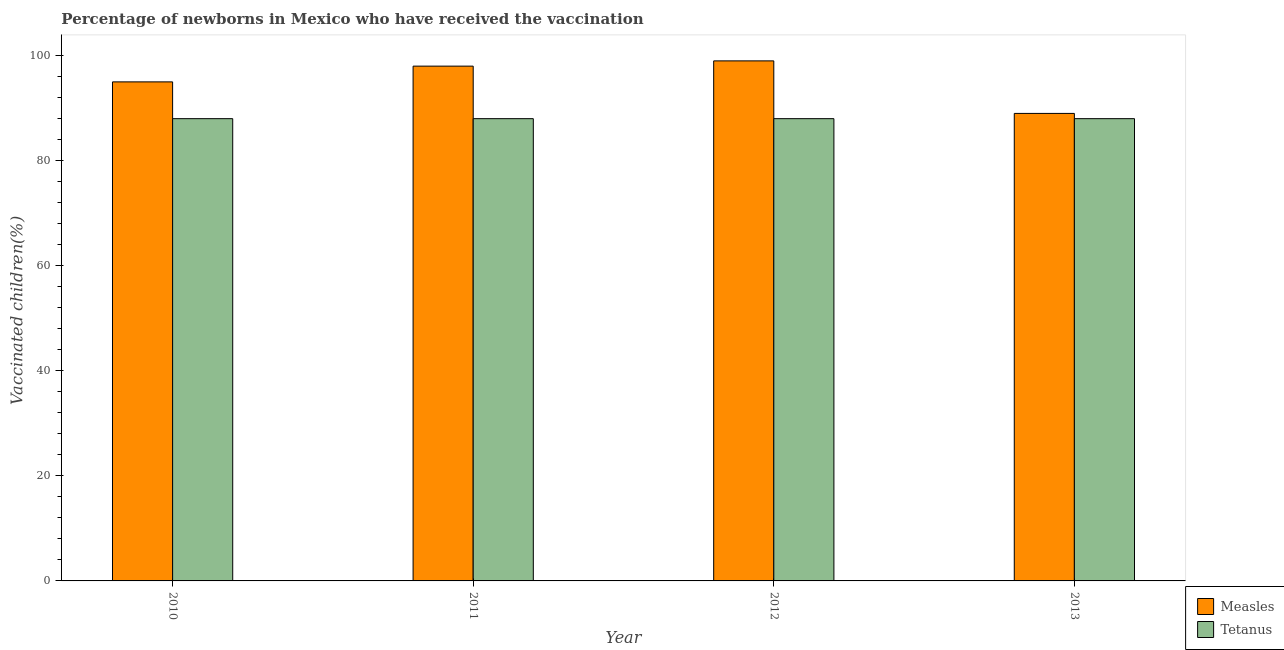How many different coloured bars are there?
Make the answer very short. 2. How many bars are there on the 3rd tick from the left?
Ensure brevity in your answer.  2. How many bars are there on the 4th tick from the right?
Keep it short and to the point. 2. What is the label of the 1st group of bars from the left?
Keep it short and to the point. 2010. In how many cases, is the number of bars for a given year not equal to the number of legend labels?
Make the answer very short. 0. What is the percentage of newborns who received vaccination for measles in 2012?
Ensure brevity in your answer.  99. Across all years, what is the maximum percentage of newborns who received vaccination for measles?
Make the answer very short. 99. Across all years, what is the minimum percentage of newborns who received vaccination for tetanus?
Offer a terse response. 88. In which year was the percentage of newborns who received vaccination for tetanus maximum?
Provide a short and direct response. 2010. In which year was the percentage of newborns who received vaccination for measles minimum?
Your answer should be very brief. 2013. What is the total percentage of newborns who received vaccination for measles in the graph?
Your response must be concise. 381. What is the difference between the percentage of newborns who received vaccination for measles in 2011 and that in 2013?
Ensure brevity in your answer.  9. What is the difference between the percentage of newborns who received vaccination for measles in 2011 and the percentage of newborns who received vaccination for tetanus in 2010?
Make the answer very short. 3. What is the ratio of the percentage of newborns who received vaccination for measles in 2011 to that in 2013?
Your answer should be compact. 1.1. What is the difference between the highest and the second highest percentage of newborns who received vaccination for tetanus?
Ensure brevity in your answer.  0. What is the difference between the highest and the lowest percentage of newborns who received vaccination for measles?
Offer a terse response. 10. What does the 2nd bar from the left in 2010 represents?
Give a very brief answer. Tetanus. What does the 1st bar from the right in 2013 represents?
Your answer should be compact. Tetanus. How many bars are there?
Keep it short and to the point. 8. Are all the bars in the graph horizontal?
Your answer should be compact. No. What is the title of the graph?
Make the answer very short. Percentage of newborns in Mexico who have received the vaccination. What is the label or title of the X-axis?
Give a very brief answer. Year. What is the label or title of the Y-axis?
Make the answer very short. Vaccinated children(%)
. What is the Vaccinated children(%)
 of Measles in 2010?
Your answer should be compact. 95. What is the Vaccinated children(%)
 in Tetanus in 2010?
Ensure brevity in your answer.  88. What is the Vaccinated children(%)
 of Tetanus in 2011?
Make the answer very short. 88. What is the Vaccinated children(%)
 of Tetanus in 2012?
Keep it short and to the point. 88. What is the Vaccinated children(%)
 of Measles in 2013?
Make the answer very short. 89. What is the Vaccinated children(%)
 of Tetanus in 2013?
Provide a short and direct response. 88. Across all years, what is the maximum Vaccinated children(%)
 in Tetanus?
Your answer should be compact. 88. Across all years, what is the minimum Vaccinated children(%)
 of Measles?
Give a very brief answer. 89. What is the total Vaccinated children(%)
 of Measles in the graph?
Your response must be concise. 381. What is the total Vaccinated children(%)
 of Tetanus in the graph?
Ensure brevity in your answer.  352. What is the difference between the Vaccinated children(%)
 of Measles in 2010 and that in 2011?
Offer a terse response. -3. What is the difference between the Vaccinated children(%)
 in Tetanus in 2010 and that in 2011?
Provide a short and direct response. 0. What is the difference between the Vaccinated children(%)
 in Tetanus in 2010 and that in 2012?
Your answer should be very brief. 0. What is the difference between the Vaccinated children(%)
 in Tetanus in 2011 and that in 2012?
Your response must be concise. 0. What is the difference between the Vaccinated children(%)
 in Measles in 2011 and that in 2013?
Offer a terse response. 9. What is the difference between the Vaccinated children(%)
 of Measles in 2012 and that in 2013?
Offer a very short reply. 10. What is the difference between the Vaccinated children(%)
 in Tetanus in 2012 and that in 2013?
Give a very brief answer. 0. What is the difference between the Vaccinated children(%)
 of Measles in 2010 and the Vaccinated children(%)
 of Tetanus in 2011?
Provide a succinct answer. 7. What is the difference between the Vaccinated children(%)
 in Measles in 2011 and the Vaccinated children(%)
 in Tetanus in 2013?
Your answer should be very brief. 10. What is the average Vaccinated children(%)
 in Measles per year?
Offer a very short reply. 95.25. What is the average Vaccinated children(%)
 of Tetanus per year?
Make the answer very short. 88. In the year 2010, what is the difference between the Vaccinated children(%)
 of Measles and Vaccinated children(%)
 of Tetanus?
Offer a very short reply. 7. In the year 2013, what is the difference between the Vaccinated children(%)
 in Measles and Vaccinated children(%)
 in Tetanus?
Provide a short and direct response. 1. What is the ratio of the Vaccinated children(%)
 in Measles in 2010 to that in 2011?
Provide a short and direct response. 0.97. What is the ratio of the Vaccinated children(%)
 of Tetanus in 2010 to that in 2011?
Provide a succinct answer. 1. What is the ratio of the Vaccinated children(%)
 in Measles in 2010 to that in 2012?
Offer a terse response. 0.96. What is the ratio of the Vaccinated children(%)
 in Tetanus in 2010 to that in 2012?
Ensure brevity in your answer.  1. What is the ratio of the Vaccinated children(%)
 in Measles in 2010 to that in 2013?
Your response must be concise. 1.07. What is the ratio of the Vaccinated children(%)
 in Tetanus in 2011 to that in 2012?
Offer a very short reply. 1. What is the ratio of the Vaccinated children(%)
 of Measles in 2011 to that in 2013?
Ensure brevity in your answer.  1.1. What is the ratio of the Vaccinated children(%)
 of Tetanus in 2011 to that in 2013?
Make the answer very short. 1. What is the ratio of the Vaccinated children(%)
 in Measles in 2012 to that in 2013?
Your response must be concise. 1.11. What is the ratio of the Vaccinated children(%)
 of Tetanus in 2012 to that in 2013?
Keep it short and to the point. 1. What is the difference between the highest and the second highest Vaccinated children(%)
 of Measles?
Keep it short and to the point. 1. What is the difference between the highest and the lowest Vaccinated children(%)
 of Measles?
Make the answer very short. 10. What is the difference between the highest and the lowest Vaccinated children(%)
 of Tetanus?
Provide a short and direct response. 0. 
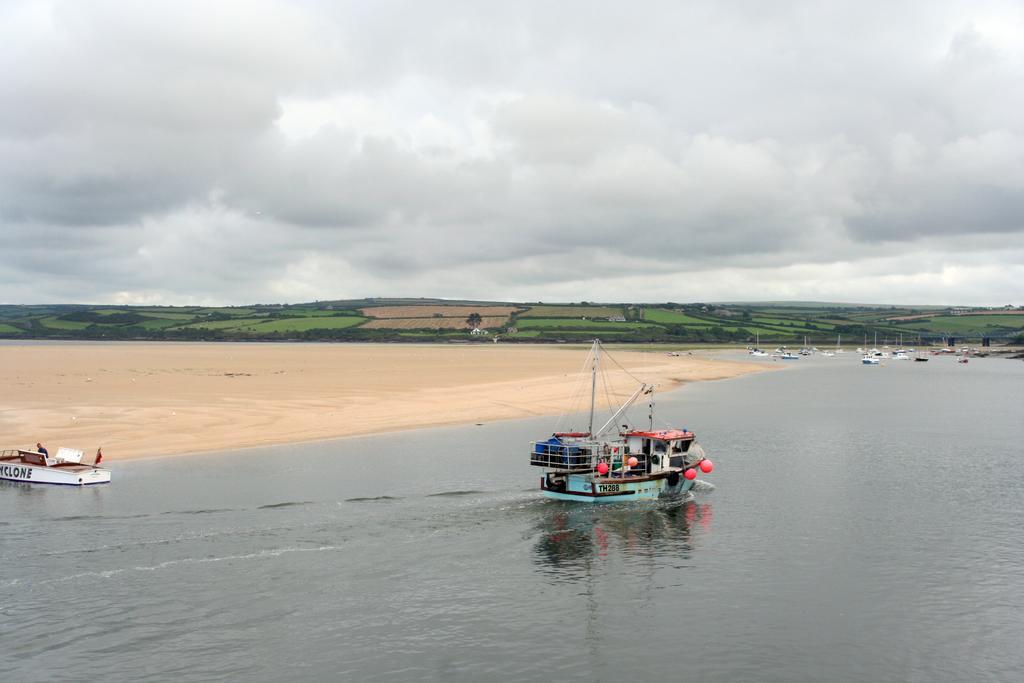Can you describe this image briefly? In this picture there are boats on the water. At the back there are fields and there are trees. At the top there is sky and there are clouds. At the bottom there is water and there is sand. 
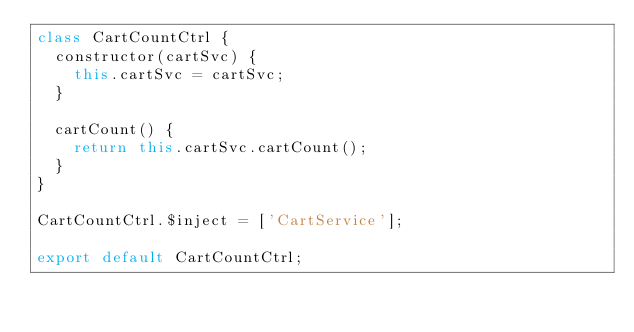Convert code to text. <code><loc_0><loc_0><loc_500><loc_500><_JavaScript_>class CartCountCtrl {
  constructor(cartSvc) {
    this.cartSvc = cartSvc;
  }

  cartCount() {
    return this.cartSvc.cartCount();
  }
}

CartCountCtrl.$inject = ['CartService'];

export default CartCountCtrl;
</code> 
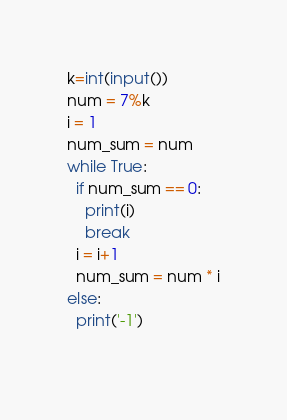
▬▬▬▬▬▬
**Activity**: What is needed is every line from the data above that includes the string "tick", copied out.

**Answer to the exercise**:
Make the answer very short. 2. How many bars are there on the 3rd tick from the left?
Ensure brevity in your answer.  2. How many bars are there on the 4th tick from the right?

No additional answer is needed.